■ **YOUR INSTRUCTIONS**
Nothing is needed except the lines below that run from the one with "39) tree [1692, 223, 1869, 514]" through the one with "50) speed camera", repeated exactly.

■ **EXTRACTED ENTRIES**
☆ ☆ ☆ ☆ ☆ ☆ ☆

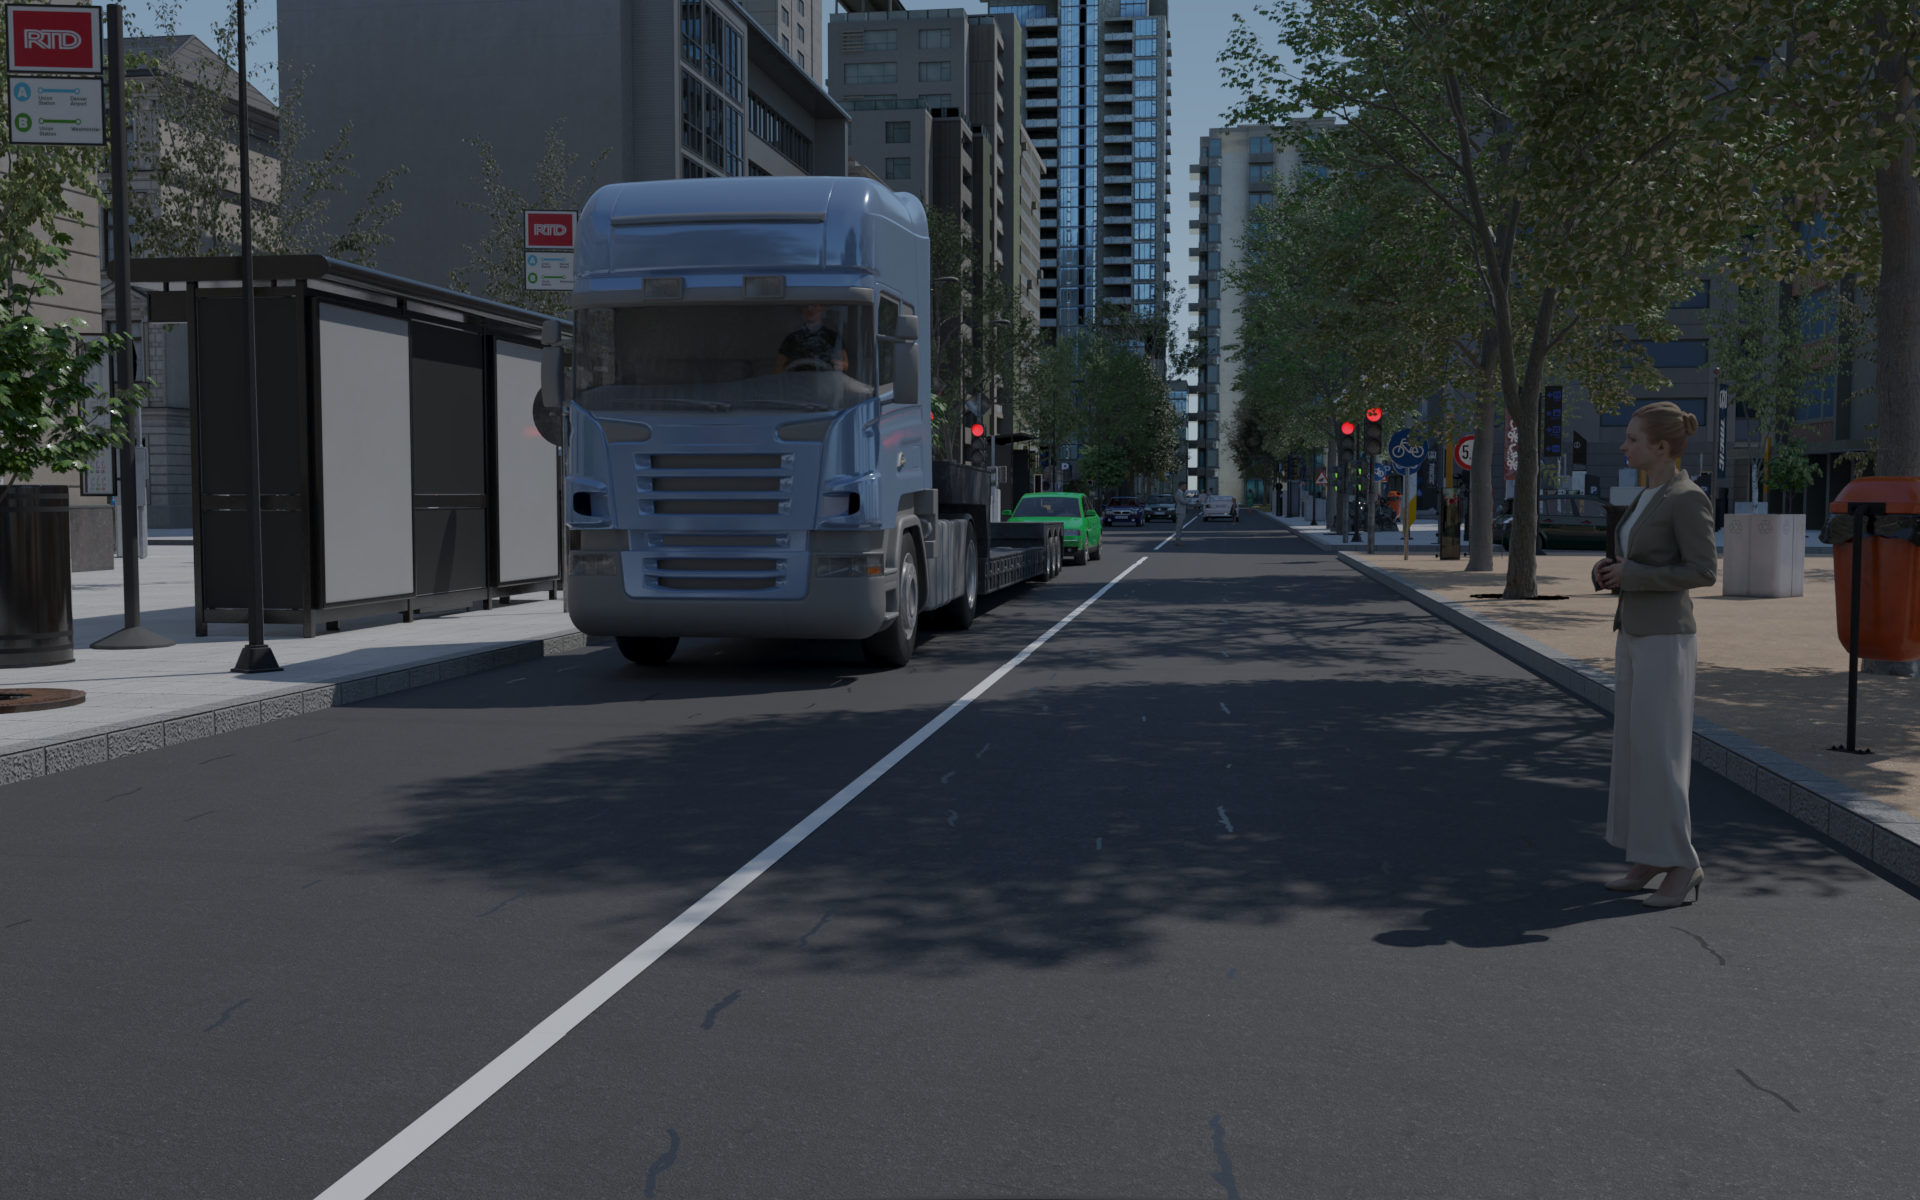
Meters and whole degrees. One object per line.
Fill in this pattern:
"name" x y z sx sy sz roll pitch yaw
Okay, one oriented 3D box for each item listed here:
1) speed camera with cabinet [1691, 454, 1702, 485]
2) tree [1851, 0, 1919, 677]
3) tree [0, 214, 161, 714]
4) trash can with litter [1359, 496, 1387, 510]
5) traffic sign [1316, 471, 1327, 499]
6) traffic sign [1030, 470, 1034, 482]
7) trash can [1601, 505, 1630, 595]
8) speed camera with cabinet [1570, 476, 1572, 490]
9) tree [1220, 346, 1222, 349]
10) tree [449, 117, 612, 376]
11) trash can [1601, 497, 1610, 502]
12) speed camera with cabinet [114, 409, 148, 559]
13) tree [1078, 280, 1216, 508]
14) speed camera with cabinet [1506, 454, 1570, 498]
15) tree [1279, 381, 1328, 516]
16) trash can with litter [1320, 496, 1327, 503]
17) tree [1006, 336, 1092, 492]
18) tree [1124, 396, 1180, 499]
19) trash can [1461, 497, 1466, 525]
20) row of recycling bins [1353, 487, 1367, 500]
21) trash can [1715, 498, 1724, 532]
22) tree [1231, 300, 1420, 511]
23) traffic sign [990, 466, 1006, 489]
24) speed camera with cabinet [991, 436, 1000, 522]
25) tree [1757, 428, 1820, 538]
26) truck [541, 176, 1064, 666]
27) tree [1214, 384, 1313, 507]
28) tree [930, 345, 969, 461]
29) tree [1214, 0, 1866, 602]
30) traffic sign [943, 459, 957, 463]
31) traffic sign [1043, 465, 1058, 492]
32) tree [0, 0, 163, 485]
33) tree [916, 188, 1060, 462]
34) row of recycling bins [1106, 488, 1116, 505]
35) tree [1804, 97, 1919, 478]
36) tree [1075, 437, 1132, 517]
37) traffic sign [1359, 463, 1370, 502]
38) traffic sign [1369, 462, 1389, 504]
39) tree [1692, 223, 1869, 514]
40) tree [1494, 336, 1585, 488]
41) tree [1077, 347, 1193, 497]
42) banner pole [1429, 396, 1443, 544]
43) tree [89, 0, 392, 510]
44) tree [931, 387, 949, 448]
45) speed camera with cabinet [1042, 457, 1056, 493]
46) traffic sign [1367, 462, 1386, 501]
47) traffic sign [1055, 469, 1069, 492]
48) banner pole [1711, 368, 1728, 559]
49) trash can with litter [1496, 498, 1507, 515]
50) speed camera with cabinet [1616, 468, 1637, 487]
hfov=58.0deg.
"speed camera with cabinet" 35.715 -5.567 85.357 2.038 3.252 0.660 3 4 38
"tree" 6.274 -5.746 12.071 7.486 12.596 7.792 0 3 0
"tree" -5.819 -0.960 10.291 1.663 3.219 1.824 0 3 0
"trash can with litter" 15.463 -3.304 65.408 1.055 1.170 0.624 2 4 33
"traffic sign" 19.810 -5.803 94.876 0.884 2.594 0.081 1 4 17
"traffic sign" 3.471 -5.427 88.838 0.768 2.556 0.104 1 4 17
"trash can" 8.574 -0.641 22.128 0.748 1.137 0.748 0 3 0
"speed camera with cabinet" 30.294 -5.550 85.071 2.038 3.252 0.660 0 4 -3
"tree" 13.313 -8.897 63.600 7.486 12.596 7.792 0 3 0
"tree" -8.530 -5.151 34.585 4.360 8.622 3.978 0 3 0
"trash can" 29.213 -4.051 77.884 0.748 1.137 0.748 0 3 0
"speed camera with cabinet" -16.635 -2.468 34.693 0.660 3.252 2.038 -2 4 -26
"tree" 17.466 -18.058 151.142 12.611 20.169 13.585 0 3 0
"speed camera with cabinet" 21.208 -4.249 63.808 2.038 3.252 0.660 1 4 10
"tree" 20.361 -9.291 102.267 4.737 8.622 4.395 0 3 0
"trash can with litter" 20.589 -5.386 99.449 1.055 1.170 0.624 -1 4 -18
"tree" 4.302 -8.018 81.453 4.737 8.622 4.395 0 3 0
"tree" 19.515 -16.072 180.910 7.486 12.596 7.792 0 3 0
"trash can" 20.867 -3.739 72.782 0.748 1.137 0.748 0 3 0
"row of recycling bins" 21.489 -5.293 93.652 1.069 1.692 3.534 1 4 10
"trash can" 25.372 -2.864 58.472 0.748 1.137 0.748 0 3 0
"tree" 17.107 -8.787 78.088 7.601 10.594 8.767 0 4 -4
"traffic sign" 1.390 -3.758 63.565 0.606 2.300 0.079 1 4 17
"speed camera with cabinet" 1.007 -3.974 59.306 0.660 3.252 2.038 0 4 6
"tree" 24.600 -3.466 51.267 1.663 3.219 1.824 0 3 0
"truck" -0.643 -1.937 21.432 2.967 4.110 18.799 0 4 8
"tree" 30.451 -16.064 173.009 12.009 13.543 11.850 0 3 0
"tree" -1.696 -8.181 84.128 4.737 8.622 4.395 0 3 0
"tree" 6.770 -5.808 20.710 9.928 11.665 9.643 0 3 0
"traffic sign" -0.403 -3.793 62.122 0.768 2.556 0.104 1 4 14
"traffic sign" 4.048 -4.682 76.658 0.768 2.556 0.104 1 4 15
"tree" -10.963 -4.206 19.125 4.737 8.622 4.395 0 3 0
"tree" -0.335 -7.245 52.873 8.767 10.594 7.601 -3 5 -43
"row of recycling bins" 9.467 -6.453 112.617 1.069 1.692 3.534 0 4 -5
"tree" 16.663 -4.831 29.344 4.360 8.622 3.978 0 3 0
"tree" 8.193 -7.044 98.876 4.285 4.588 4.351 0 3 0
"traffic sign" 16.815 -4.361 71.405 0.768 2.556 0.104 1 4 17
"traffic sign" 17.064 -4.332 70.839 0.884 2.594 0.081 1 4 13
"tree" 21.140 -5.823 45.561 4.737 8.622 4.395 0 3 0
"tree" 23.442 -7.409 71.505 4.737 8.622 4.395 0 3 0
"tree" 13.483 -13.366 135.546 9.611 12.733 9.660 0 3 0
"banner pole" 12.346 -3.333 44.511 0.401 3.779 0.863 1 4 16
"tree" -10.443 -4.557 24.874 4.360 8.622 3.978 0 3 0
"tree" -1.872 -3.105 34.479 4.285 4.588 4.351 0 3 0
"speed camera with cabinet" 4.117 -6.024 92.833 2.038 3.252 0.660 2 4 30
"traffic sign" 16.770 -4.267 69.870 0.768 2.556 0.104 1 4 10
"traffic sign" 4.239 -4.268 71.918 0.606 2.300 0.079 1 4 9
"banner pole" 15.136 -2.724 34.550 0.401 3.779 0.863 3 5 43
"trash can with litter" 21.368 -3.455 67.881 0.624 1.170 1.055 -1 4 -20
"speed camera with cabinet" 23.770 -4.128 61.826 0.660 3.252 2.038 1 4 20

☆ ☆ ☆ ☆ ☆ ☆ ☆

■ **PROBLEM SOLUTION**
39) tree [1692, 223, 1869, 514]
40) tree [1494, 336, 1585, 488]
41) tree [1077, 347, 1193, 497]
42) banner pole [1429, 396, 1443, 544]
43) tree [89, 0, 392, 510]
44) tree [931, 387, 949, 448]
45) speed camera with cabinet [1042, 457, 1056, 493]
46) traffic sign [1367, 462, 1386, 501]
47) traffic sign [1055, 469, 1069, 492]
48) banner pole [1711, 368, 1728, 559]
49) trash can with litter [1496, 498, 1507, 515]
50) speed camera with cabinet [1616, 468, 1637, 487]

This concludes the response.